**What is being asked:** Your job with the data below is to output exactly the lines from the one holding "Answer as lines" down to the one holding "Try fitting a", both included, and no others.
Given entries section start
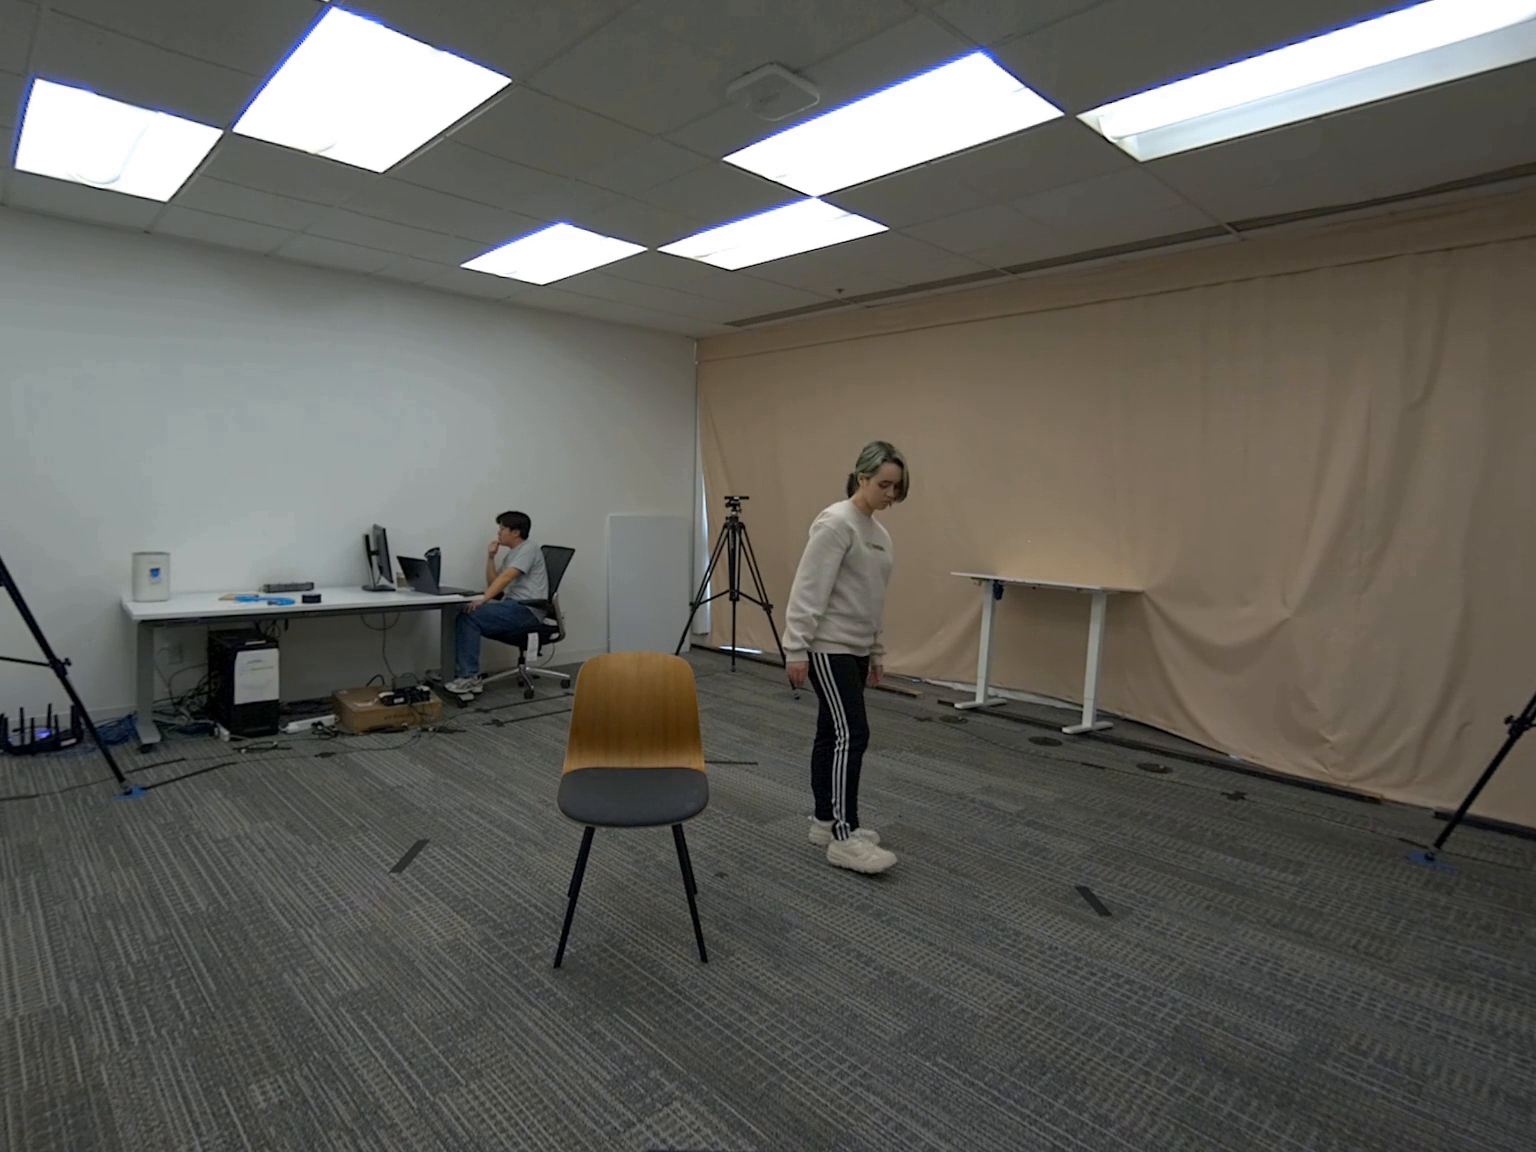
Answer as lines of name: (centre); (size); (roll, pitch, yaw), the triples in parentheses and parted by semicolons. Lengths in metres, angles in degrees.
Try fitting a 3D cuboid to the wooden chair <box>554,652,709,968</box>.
Given entries section end
Given entries section start
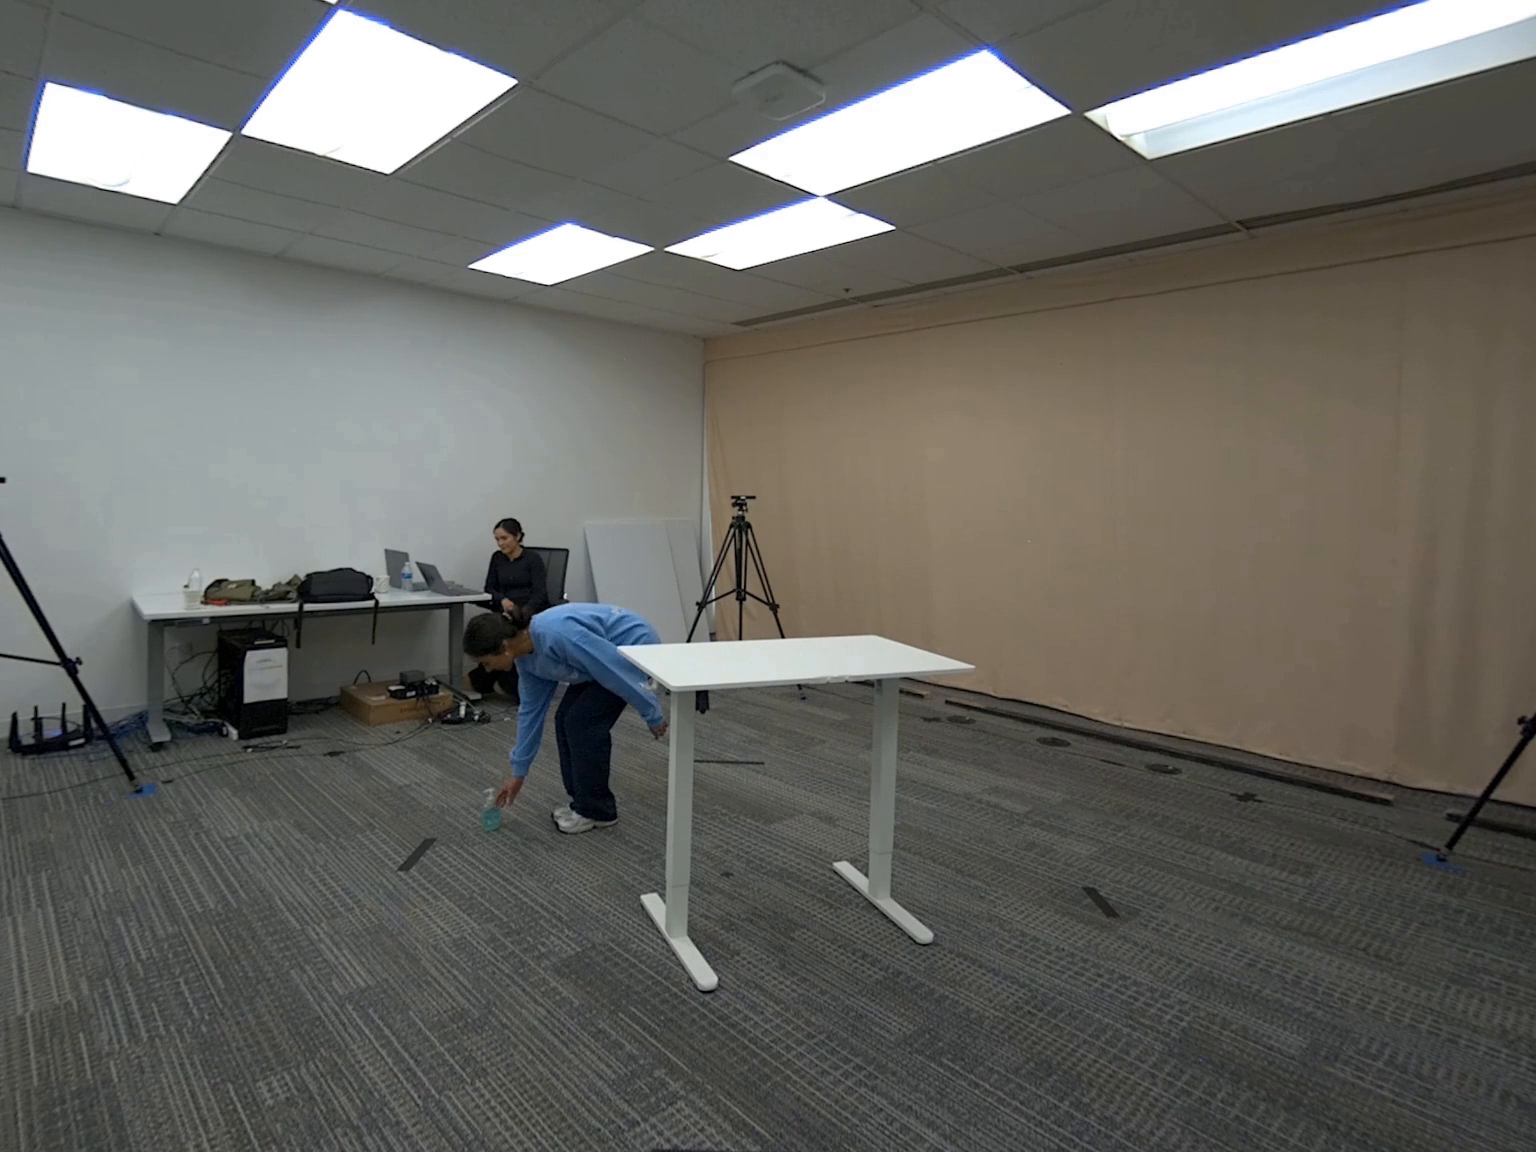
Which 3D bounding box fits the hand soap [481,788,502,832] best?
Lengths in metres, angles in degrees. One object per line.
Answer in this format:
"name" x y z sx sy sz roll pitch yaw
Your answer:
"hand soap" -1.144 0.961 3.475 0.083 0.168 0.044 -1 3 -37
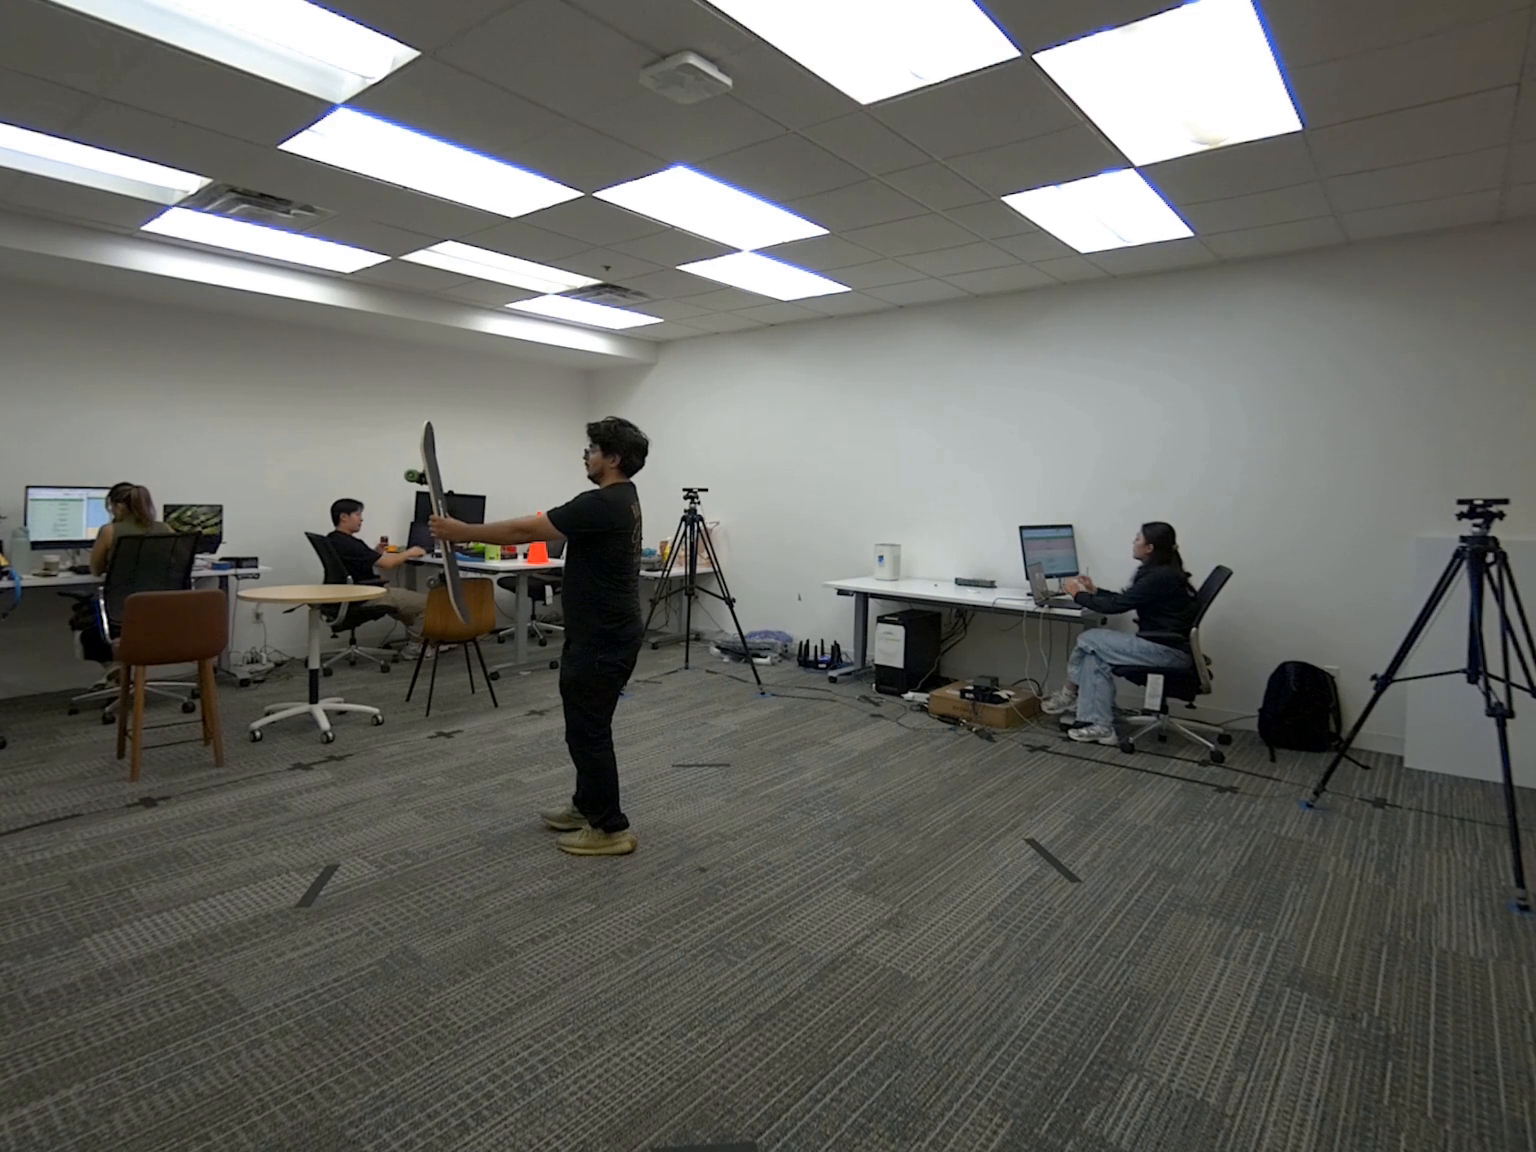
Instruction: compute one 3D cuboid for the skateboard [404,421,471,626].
Given entries section end
Given entries section start
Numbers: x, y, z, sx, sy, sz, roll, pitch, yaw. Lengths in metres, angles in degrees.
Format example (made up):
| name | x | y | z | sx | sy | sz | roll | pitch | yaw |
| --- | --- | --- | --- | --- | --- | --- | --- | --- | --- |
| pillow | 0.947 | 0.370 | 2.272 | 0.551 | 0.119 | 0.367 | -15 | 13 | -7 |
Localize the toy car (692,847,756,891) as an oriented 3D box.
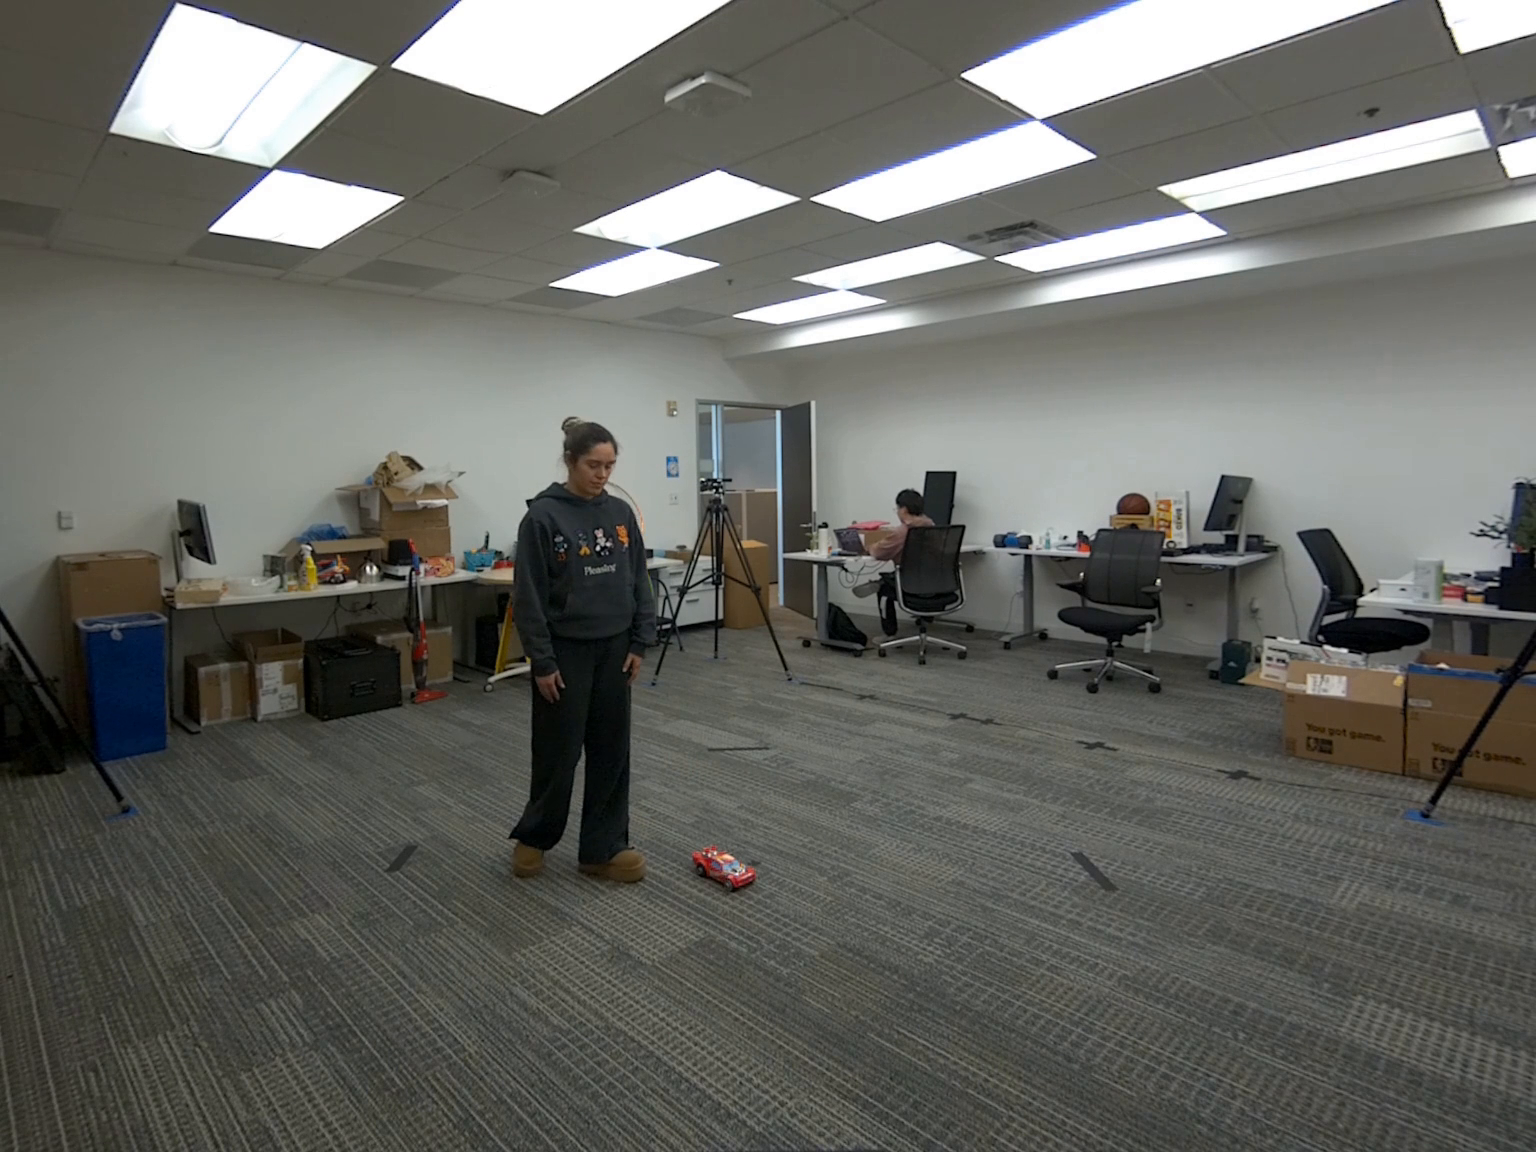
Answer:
Given entries section end
**Solution for this exercise:**
Answer as lines of name: (centre); (size); (roll, pitch, yaw), the triples in parentheses and parted by semicolons. Lengths in metres, angles in degrees.
Try fitting a 3D cuboid to the wooden chair <box>554,652,709,968</box>.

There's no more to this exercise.